There are review websites that rate individuals, employers, products, doctors, realtors, and all kinds of professional services. These online review websites make the world more transparent for buyers and shoppers of all kinds. Eventually, it will be very hard to hide underneath the online review radar screen.

Focus Your Efforts

Because obtaining reviews from your clients takes a concerted effort, we recommend that you focus your efforts on the review websites that will give you the highest return. Typically, this means trying to obtain reviews from your clients in Google, Yelp, and Intuit Find-a-ProAdvisor (if you provide those services). After you accomplish this feat, then you might target Facebook, LinkedIn, and some others.

What's Allowed on Online Reviews and What Isn't

The review websites take reviews to heart and go the extra mile to protect their brand. For example, Yelp actually reviews nearly all of your reviews and looks for patterns to filter out fake reviews. Here are some of the things that are taboo in this new online review world:

  • Placing testimonials on my website – In today's jaded world, most website prospects will tend to ignore your carefully crafted testimonials on your website. That's because most realize that you ignore the negative reviews, only show the positive reviews, and probably wrote the review for your client. Quite frankly, negative reviews often are very enlightening and help the buyer determine whether the item fits their needs. For example, Amazon has made this into a major selling point for their online reviews.
  • Asking clients for reviews – Yelp has a policy of discouraging businesses from asking clients to post happy reviews. One way that they spot this is if your accounting firm has 0 reviews for years and then all of a sudden, gets a few in one day. To avoid getting filtered out, space out your reviews over time so they appear more organic. However, it is fine to make customers aware that you encourage their feedback and online reviews. Yes, this is a subtle difference.
  • Fake reviews – This is a major no-no and has consequences. In 2013, Samsung was fined over $340,000 for building fake reviews. In NYC, there was a major sting operation called Operation Clean Turf and fines totaling over $350,000 were dished out to 19 companies for fake Yelp reviews.

Process We Recommend

The process for Google, Yelp and Intuit are very different. Below is my recommendation on how you can proceed down this path and develop a 5-star reputation online. I will assume that your back office is worthy of 5-star reviews and seldom has complaints.

  • Local Listings – To obtain reviews, you must secure your business in Google My Business and Yelp.
  • Reputation Management Page – Build Your Firm has created a reputation management page soRep Mgmt Tool - T Palm it's easier for your clients to post online reviews directly into Google, Yelp, Intuit, etc. We install this page directly on your website so the process is simplified.
  • Google – To obtain reviews in Google, the person posting the review must have a Google account. While a pain, we all have to play by Google's rules given their market share. And, in this day many people have a Google account of some kind whether they use it for Gmail, YouTube, AdWords, etc.
  • Yelp – Given the filtering process that Yelp has created to weed out suspicious reviews, we recommend posting a few reviews of your favorite restaurants.
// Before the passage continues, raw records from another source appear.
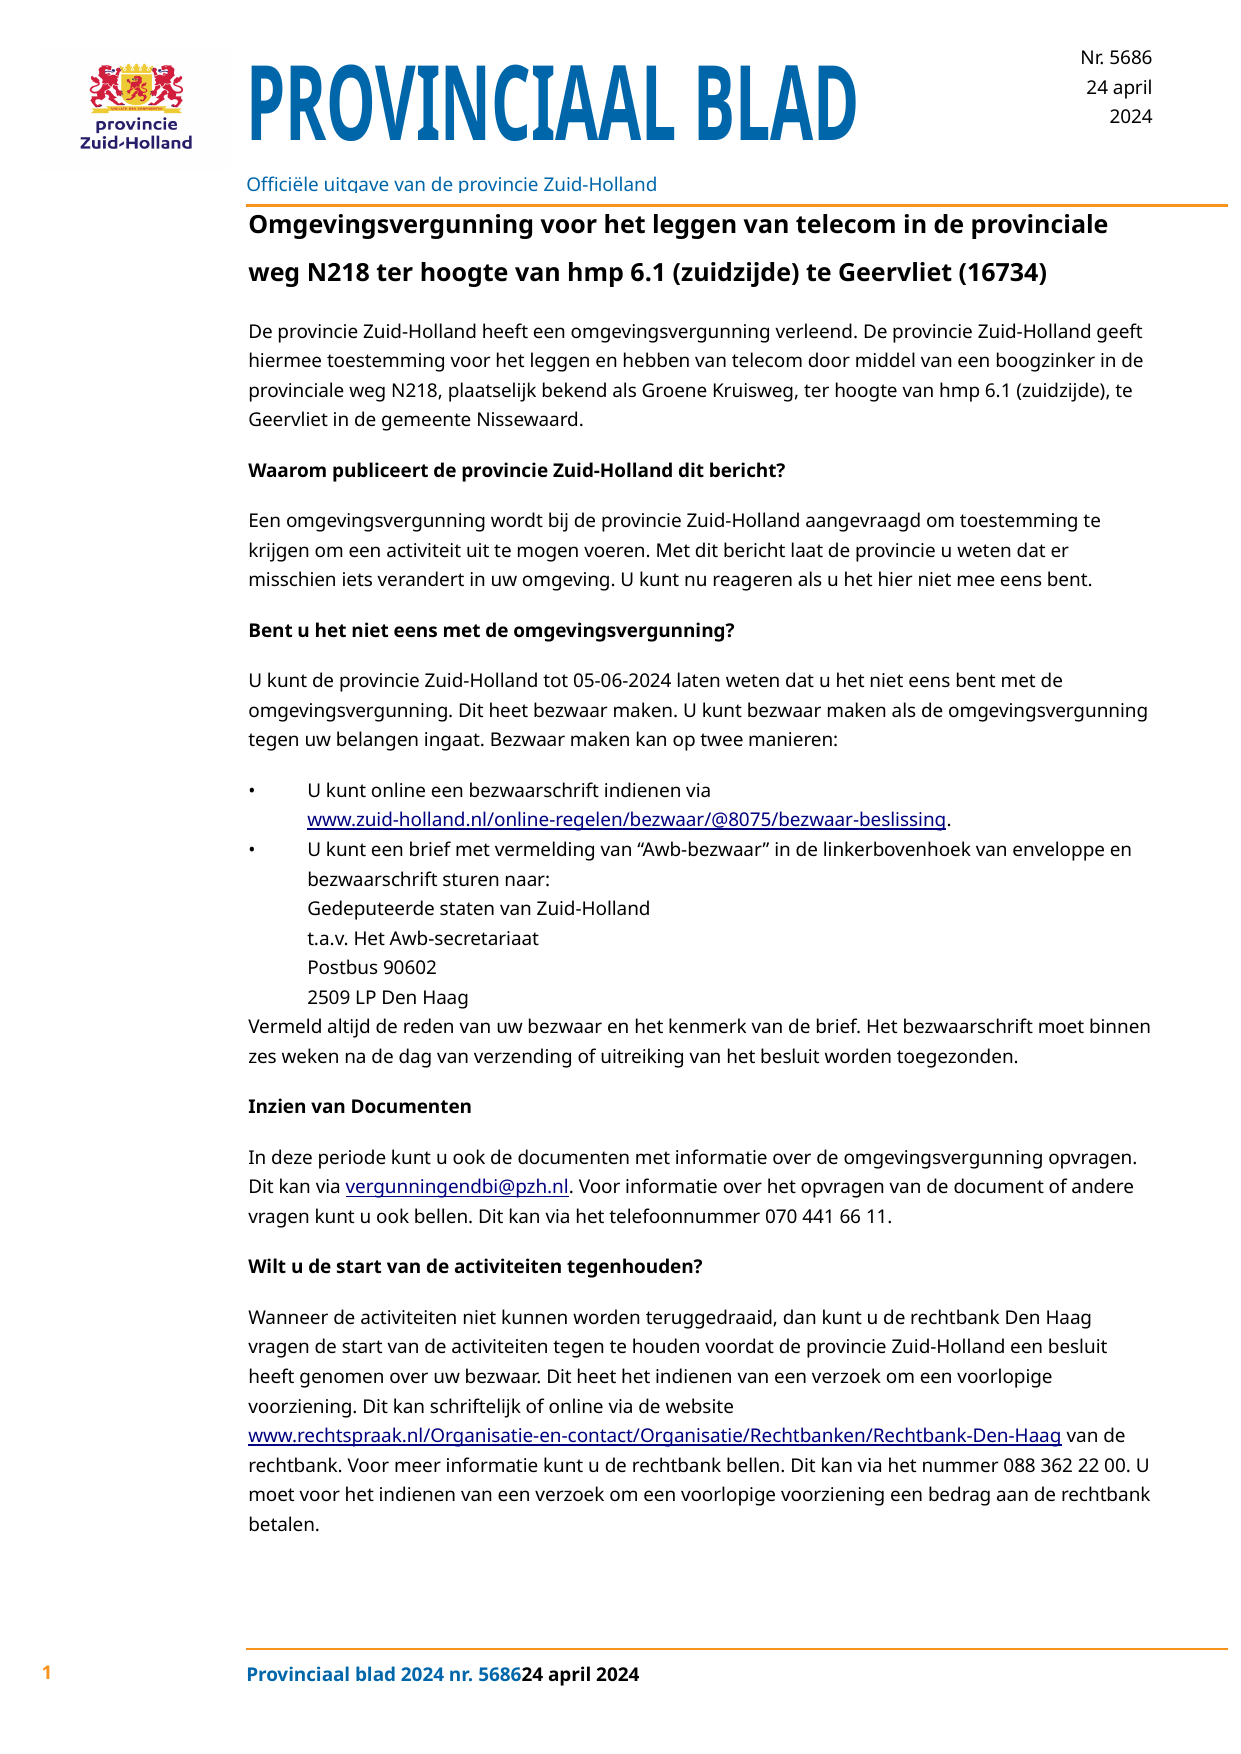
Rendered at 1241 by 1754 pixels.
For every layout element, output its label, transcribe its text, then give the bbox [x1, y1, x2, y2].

text Waarom publiceert de provincie Zuid-Holland dit bericht? [248, 457, 1152, 483]
text De provincie Zuid-Holland heeft een omgevingsvergunning verleend. De provincie Zuid-Holland geeft hiermee toestemming voor het leggen en hebben van telecom door middel van een boogzinker in de provinciale weg N218, plaatselijk bekend als Groene Kruisweg, ter hoogte van hmp 6.1 (zuidzijde), te Geervliet in de gemeente Nissewaard. [248, 318, 1152, 432]
list U kunt een brief met vermelding van “Awb-bezwaar” in de linkerbovenhoek van enveloppe en bezwaarschrift sturen naar: [248, 836, 1152, 892]
picture [41, 47, 231, 172]
text Omgevingsvergunning voor het leggen van telecom in de provinciale weg N218 ter hoogte van hmp 6.1 (zuidzijde) te Geervliet (16734) [248, 207, 1152, 288]
text Vermeld altijd de reden van uw bezwaar en het kenmerk van de brief. Het bezwaarschrift moet binnen zes weken na de dag van verzending of uitreiking van het besluit worden toegezonden. [248, 1014, 1152, 1069]
text Wanneer de activiteiten niet kunnen worden teruggedraaid, dan kunt u de rechtbank Den Haag vragen de start van de activiteiten tegen te houden voordat de provincie Zuid-Holland een besluit heeft genomen over uw bezwaar. Dit heet het indienen van een verzoek om een voorlopige voorziening. Dit kan schriftelijk of online via de website www.rechtspraak.nl/Organisatie-en-contact/Organisatie/Rechtbanken/Rechtbank-Den-Haag van de rechtbank. Voor meer informatie kunt u de rechtbank bellen. Dit kan via het nummer 088 362 22 00. U moet voor het indienen van een verzoek om een voorlopige voorziening een bedrag aan de rechtbank betalen. [248, 1304, 1152, 1537]
list U kunt online een bezwaarschrift indienen via www.zuid-holland.nl/online-regelen/bezwaar/@8075/bezwaar-beslissing. [248, 777, 1152, 832]
text Inzien van Documenten [248, 1094, 1152, 1119]
list Postbus 90602 [248, 954, 1152, 980]
list Gedeputeerde staten van Zuid-Holland [248, 895, 1152, 921]
text Bent u het niet eens met de omgevingsvergunning? [248, 617, 1152, 643]
text In deze periode kunt u ook de documenten met informatie over de omgevingsvergunning opvragen. Dit kan via vergunningendbi@pzh.nl. Voor informatie over het opvragen van de document of andere vragen kunt u ook bellen. Dit kan via het telefoonnummer 070 441 66 11. [248, 1144, 1152, 1229]
list 2509 LP Den Haag [248, 984, 1152, 1010]
list t.a.v. Het Awb-secretariaat [248, 925, 1152, 951]
text Een omgevingsvergunning wordt bij de provincie Zuid-Holland aangevraagd om toestemming te krijgen om een activiteit uit te mogen voeren. Met dit bericht laat de provincie u weten dat er misschien iets verandert in uw omgeving. U kunt nu reageren als u het hier niet mee eens bent. [248, 507, 1152, 592]
text Wilt u de start van de activiteiten tegenhouden? [248, 1254, 1152, 1279]
text U kunt de provincie Zuid-Holland tot 05-06-2024 laten weten dat u het niet eens bent met de omgevingsvergunning. Dit heet bezwaar maken. U kunt bezwaar maken als de omgevingsvergunning tegen uw belangen ingaat. Bezwaar maken kan op twee manieren: [248, 667, 1152, 752]

After posting 3-4 online reviews, then you should post online reviews for business clients that you genuinely support and recommend. Pace this out gradually at say2-3 per week. Start with business clients that will appreciate this the most like restaurants, retail outlets, fitness trainers, subcontractors, etc. In other words, pay your clients a compliment before asking them to reciprocate and leave you a review.
  • Intuit Find-a-ProAdvisor – If you want more QB clients, then create a list of satisfied QB clients. These reviews will be the easiest to get posted. First, you need a listing within Intuit's website along with your credentials. Then, BYF will add the Intuit logo to your "Request a Review" tool so your clients can click the link and post a review.

How to Ask for Reviews

Now you understand that taking the time to get reviews online is extremely important. But, many accountants still struggle to get online reviews. How do you ask clients? What do you say? We've created a FREE guide to share 6 tips for getting reviews, and answer some FAQs about the process.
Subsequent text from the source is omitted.